Part of the roof fell. The electric wires that lead to the lights, here and there, fluttered fiercely in the wind. Mrs. Dawn stood in the middle of her living room, surrounded by shouting strangers, in terror, helplessly watching the suffering of her home. People didn’t notice her inside of the crowd – their heads were filled with new words that sucked away their intelligence and engulfed each part of their soul by weak dreams. The trend was gaining its momentum – a supreme power of civilization.
The old lady strolled to her car, with her head bent, avoiding the eye contact. Her hands groped for the car keys in her bag.
“What the hell! Is it she?”
“Grab her! Where’s my rifle?”
“Wait! Why rifle? Use my hammer! More fun.”
Sober-minded civilized voices hooted in the darkness.
Mrs. Dawn slipped between their boots, rushing towards her car. She remembered herself driving in desperate circles: how her heart had pounded in her ears and how the fear ran through her veins, making her mind go blank and gloomy.
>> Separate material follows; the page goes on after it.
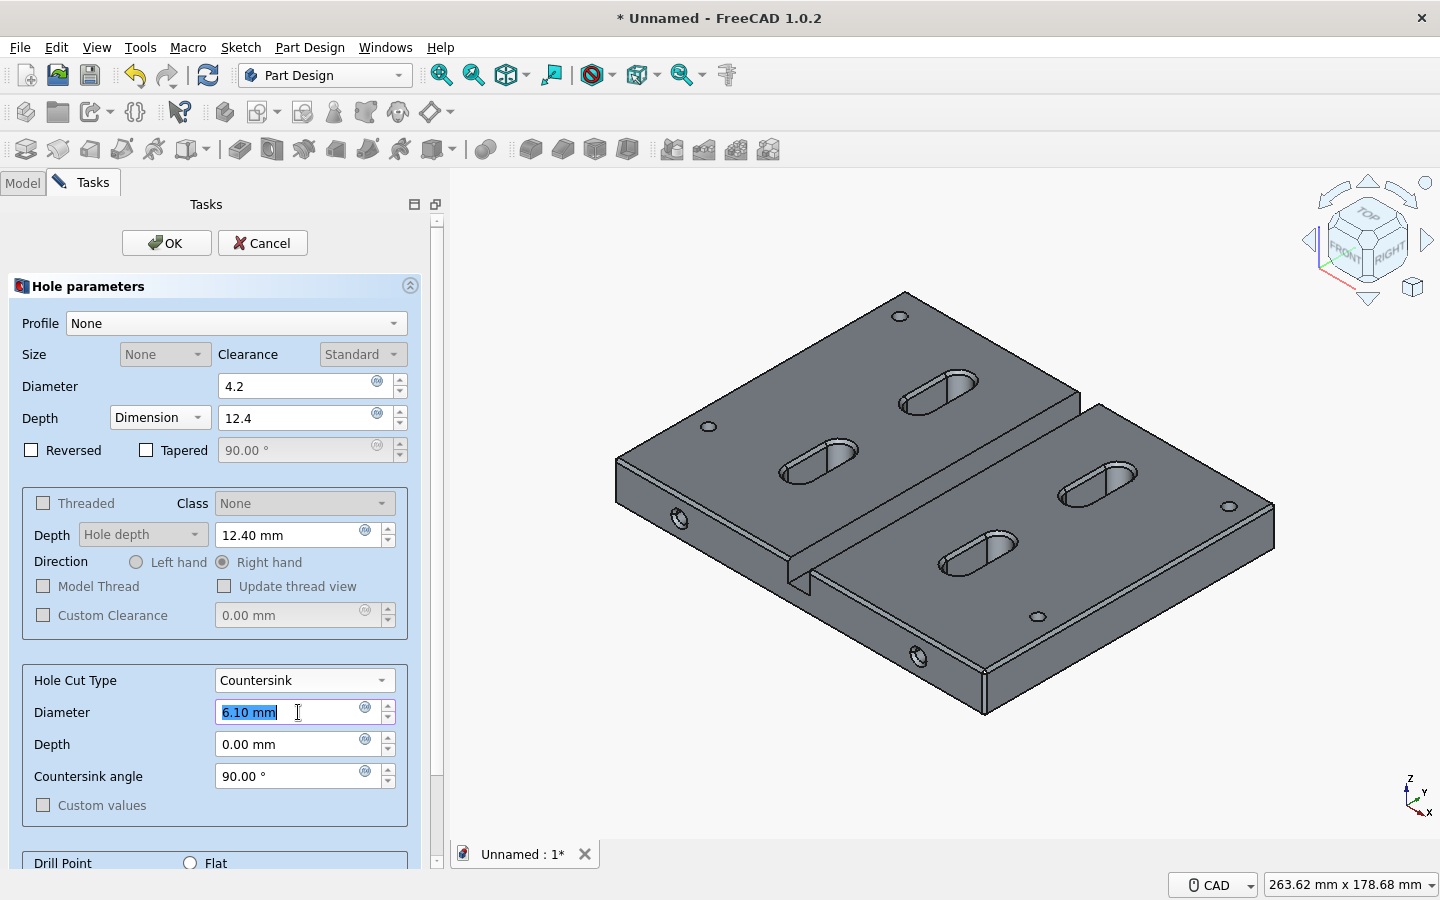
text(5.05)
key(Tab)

Somewhere in the woods along the river, Mrs. Dawn stopped her car. She remembered a time when the town of Creon had been bright, hopeful, and filled with laughter. Now it stood in ruins. Mrs. Dawn realized that the definition of what had happened here was much bigger than trends or Tantrum’s shallowness, because human value, caring, and compassion that the world needs has been forgotten or lost. Creon’s civilization, stripped of any gentleness and respect, created a monster much uglier than an atomic bomb. It constructed a country of glitter, where a brutal fashion of trend, where cold human logic and greed killed the inhabitants from within. That kind of civilization moved backwards, promoting a ghoulish, hideous hunger to follow the crowd, and the lust to find the beauty inside the half-numb movements.
But trends are trends… and rules are rules, Mrs. Dawn said to herself. She was happy the smell was gone, and when she looked up at the sky, beyond Creon, into the pure wilderness, she’d see some light that had been there before.